Records from a dataset:
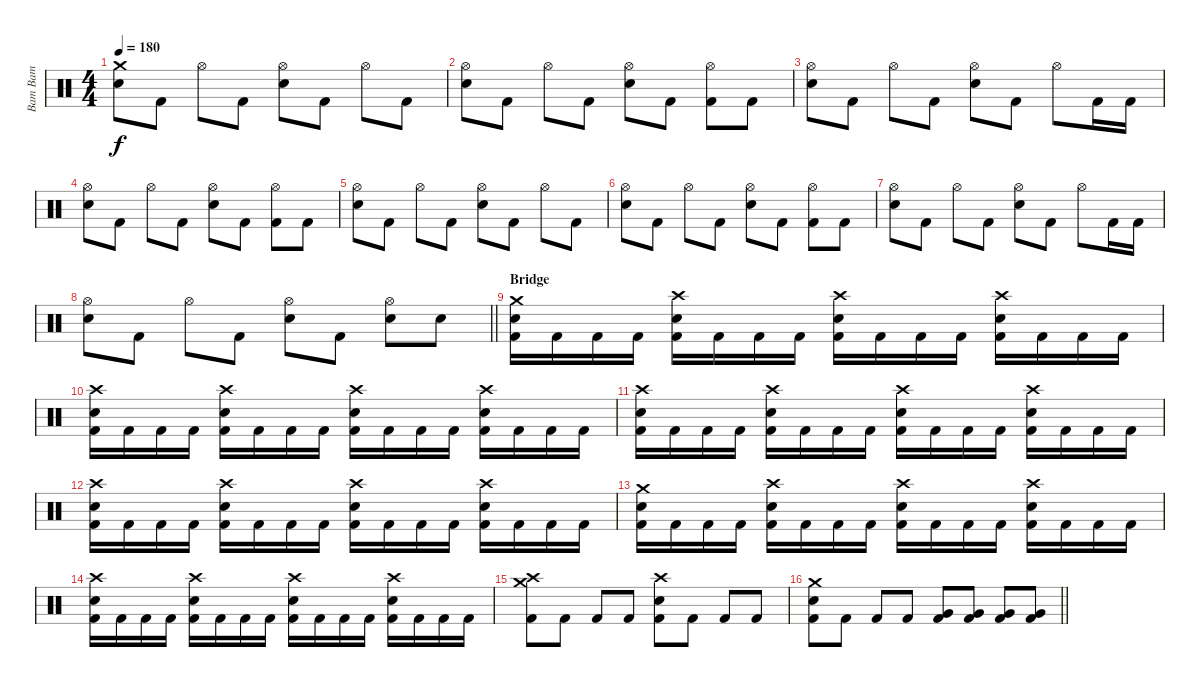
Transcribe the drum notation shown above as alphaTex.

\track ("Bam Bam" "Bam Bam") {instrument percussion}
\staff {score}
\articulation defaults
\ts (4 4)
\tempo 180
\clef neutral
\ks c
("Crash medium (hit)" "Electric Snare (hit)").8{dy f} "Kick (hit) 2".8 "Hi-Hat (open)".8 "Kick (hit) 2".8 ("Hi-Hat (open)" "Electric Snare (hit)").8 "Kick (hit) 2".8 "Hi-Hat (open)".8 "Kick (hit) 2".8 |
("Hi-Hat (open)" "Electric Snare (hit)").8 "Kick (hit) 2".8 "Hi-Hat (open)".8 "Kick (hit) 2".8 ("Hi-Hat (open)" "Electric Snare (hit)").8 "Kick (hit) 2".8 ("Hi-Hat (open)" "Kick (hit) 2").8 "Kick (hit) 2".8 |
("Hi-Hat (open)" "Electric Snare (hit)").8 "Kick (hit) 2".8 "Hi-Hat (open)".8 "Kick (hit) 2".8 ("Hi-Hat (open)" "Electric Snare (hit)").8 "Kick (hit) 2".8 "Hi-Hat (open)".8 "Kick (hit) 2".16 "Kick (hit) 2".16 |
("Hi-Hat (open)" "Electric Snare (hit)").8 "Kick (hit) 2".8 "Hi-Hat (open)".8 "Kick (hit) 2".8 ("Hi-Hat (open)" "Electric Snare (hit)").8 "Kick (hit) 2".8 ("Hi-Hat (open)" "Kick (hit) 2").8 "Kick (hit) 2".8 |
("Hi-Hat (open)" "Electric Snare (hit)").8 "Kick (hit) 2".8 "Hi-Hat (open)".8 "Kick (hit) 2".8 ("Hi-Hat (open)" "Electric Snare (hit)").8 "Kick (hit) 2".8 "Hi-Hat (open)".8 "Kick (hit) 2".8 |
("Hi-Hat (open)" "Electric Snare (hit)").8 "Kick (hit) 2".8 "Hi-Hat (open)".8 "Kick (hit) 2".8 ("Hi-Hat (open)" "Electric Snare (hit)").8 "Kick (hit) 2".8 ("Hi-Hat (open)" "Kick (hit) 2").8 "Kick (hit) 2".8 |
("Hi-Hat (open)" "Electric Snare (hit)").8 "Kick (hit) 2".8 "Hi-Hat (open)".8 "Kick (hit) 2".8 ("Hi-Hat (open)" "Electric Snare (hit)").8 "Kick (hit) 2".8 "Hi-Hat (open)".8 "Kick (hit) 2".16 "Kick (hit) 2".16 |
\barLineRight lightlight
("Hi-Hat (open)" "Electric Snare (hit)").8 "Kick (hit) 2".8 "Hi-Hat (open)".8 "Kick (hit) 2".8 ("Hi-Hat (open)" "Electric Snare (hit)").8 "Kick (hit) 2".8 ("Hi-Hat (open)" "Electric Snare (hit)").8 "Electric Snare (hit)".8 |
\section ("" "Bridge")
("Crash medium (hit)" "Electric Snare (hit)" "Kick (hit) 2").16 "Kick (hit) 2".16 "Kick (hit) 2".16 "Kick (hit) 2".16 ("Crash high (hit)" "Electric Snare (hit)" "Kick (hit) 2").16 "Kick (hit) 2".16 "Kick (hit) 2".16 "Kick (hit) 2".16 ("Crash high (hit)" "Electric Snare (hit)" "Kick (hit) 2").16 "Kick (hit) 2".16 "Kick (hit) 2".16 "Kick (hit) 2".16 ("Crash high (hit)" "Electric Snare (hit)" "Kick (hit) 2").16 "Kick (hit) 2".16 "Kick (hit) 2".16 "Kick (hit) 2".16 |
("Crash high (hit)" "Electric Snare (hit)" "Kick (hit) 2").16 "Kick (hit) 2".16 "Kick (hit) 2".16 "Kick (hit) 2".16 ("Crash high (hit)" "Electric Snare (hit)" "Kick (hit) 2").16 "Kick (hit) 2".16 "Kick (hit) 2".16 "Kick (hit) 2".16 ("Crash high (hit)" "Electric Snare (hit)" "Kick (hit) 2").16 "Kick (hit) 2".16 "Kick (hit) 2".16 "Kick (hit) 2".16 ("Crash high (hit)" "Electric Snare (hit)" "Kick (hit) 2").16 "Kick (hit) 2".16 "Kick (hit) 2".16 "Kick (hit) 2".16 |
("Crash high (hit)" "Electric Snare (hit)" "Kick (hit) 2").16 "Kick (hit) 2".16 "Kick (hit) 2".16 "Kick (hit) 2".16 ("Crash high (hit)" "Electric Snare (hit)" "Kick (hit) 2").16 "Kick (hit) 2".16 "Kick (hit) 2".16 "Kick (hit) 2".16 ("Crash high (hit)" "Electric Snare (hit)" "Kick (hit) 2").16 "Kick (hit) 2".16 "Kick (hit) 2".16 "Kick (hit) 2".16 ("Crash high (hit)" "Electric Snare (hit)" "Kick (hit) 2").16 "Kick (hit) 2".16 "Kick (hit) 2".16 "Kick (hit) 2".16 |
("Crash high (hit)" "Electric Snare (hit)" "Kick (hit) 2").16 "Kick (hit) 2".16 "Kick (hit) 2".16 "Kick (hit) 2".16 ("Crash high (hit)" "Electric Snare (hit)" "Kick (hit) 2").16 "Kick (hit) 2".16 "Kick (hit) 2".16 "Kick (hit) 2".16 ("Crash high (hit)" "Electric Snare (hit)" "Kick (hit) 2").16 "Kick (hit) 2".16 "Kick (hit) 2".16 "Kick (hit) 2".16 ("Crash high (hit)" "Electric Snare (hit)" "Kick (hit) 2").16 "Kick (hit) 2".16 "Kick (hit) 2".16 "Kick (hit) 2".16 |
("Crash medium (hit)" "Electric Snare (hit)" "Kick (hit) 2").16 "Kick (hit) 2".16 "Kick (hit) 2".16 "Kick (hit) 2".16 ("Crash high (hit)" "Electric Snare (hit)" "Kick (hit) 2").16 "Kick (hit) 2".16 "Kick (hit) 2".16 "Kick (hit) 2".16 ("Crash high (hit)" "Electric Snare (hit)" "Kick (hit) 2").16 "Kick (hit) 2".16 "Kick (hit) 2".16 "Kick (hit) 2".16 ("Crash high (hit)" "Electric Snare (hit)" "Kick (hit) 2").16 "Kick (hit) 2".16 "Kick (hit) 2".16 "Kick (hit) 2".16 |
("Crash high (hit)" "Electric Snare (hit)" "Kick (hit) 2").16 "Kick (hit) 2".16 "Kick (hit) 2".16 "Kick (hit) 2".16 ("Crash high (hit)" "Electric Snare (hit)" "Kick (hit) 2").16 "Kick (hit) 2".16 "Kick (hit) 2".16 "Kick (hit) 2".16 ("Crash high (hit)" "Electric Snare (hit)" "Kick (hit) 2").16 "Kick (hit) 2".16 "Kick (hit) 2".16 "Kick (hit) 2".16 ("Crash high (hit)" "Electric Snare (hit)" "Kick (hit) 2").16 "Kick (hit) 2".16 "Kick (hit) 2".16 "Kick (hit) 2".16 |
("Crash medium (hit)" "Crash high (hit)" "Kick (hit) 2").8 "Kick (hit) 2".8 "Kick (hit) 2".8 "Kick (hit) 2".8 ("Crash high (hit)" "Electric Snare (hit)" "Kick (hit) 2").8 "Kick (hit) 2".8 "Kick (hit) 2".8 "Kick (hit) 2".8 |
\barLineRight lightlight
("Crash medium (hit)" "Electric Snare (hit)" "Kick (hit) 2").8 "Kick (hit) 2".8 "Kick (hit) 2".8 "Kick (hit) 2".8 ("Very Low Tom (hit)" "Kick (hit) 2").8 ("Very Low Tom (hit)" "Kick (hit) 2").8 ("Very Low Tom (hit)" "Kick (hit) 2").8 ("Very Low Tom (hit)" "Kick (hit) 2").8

--

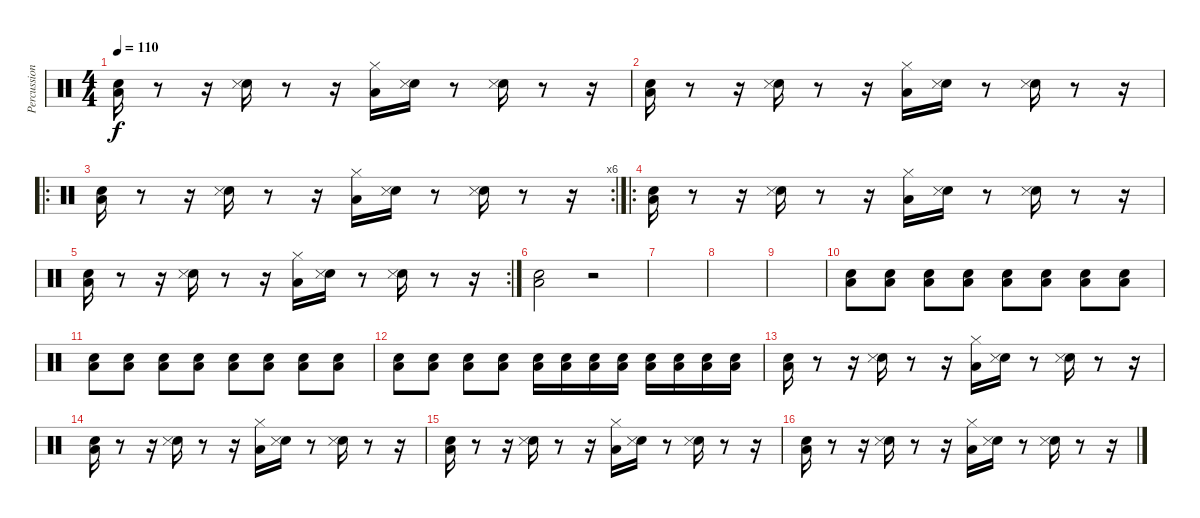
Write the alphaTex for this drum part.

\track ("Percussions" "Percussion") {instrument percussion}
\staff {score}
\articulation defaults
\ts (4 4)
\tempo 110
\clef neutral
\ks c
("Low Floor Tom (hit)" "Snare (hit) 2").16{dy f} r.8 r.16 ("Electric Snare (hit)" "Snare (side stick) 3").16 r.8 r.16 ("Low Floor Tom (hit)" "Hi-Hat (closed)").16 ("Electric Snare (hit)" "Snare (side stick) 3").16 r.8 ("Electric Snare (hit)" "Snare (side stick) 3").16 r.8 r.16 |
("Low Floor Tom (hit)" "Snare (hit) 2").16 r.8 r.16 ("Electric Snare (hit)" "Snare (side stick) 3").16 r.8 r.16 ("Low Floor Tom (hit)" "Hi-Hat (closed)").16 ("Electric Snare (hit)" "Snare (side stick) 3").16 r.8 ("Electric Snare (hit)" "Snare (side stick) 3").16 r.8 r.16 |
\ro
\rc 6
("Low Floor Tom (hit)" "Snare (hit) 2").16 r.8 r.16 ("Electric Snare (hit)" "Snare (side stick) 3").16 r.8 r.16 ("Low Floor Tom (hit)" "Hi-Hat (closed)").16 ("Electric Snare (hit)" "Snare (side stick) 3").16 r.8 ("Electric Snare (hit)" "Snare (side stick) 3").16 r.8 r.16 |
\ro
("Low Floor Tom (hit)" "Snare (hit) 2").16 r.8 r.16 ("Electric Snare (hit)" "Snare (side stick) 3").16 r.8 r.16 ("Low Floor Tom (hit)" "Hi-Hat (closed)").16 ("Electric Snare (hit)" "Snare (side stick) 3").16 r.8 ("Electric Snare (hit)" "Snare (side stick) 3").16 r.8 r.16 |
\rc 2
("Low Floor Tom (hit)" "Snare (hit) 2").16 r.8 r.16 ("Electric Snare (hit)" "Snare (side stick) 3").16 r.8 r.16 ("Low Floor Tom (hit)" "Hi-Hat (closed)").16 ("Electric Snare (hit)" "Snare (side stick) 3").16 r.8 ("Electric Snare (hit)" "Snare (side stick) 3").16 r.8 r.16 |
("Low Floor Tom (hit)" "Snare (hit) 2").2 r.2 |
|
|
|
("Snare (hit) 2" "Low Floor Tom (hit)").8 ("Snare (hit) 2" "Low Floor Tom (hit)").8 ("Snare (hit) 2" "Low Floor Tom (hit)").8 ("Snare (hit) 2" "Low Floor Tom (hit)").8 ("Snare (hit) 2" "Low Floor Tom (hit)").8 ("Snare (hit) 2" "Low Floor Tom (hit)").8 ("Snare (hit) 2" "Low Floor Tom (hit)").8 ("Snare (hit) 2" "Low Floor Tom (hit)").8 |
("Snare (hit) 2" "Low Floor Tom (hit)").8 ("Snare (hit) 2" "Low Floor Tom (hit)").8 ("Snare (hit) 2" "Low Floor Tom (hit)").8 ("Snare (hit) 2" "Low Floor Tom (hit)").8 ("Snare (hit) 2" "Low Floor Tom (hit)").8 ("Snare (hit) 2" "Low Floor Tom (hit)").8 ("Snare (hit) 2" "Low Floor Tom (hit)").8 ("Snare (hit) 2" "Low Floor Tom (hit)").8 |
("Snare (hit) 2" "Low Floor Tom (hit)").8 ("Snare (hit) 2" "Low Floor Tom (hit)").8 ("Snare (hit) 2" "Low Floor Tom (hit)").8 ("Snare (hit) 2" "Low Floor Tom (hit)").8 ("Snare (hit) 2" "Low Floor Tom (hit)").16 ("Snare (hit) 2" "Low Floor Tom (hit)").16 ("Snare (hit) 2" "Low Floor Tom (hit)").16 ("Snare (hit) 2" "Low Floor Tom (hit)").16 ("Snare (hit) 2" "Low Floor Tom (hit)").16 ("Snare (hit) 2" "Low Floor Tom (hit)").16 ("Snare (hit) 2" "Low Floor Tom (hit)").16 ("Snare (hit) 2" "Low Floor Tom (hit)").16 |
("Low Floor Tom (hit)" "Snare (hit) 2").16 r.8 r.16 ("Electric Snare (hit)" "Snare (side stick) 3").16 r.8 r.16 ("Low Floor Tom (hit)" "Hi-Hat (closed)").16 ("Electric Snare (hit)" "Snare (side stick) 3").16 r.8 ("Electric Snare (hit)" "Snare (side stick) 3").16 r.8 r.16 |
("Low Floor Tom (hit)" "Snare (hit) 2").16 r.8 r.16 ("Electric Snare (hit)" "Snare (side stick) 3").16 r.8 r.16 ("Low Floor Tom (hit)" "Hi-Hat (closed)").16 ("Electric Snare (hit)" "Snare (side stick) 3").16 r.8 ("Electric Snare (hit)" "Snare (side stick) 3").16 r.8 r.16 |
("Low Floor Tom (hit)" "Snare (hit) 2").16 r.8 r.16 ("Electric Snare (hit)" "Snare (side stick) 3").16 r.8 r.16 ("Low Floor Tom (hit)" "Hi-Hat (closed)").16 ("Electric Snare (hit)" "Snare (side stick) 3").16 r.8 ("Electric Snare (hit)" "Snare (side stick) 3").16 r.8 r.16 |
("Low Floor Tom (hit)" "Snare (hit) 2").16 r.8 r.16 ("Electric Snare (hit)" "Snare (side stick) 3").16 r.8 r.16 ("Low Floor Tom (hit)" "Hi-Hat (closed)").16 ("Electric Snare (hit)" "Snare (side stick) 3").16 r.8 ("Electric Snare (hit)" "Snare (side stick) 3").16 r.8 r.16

WHAT TO WORK ON: Where a line of the data contains "percussion", copy that line.

RESULT:
\track ("Bam Bam" "Bam Bam") {instrument percussion}
\track ("Percussions" "Percussion") {instrument percussion}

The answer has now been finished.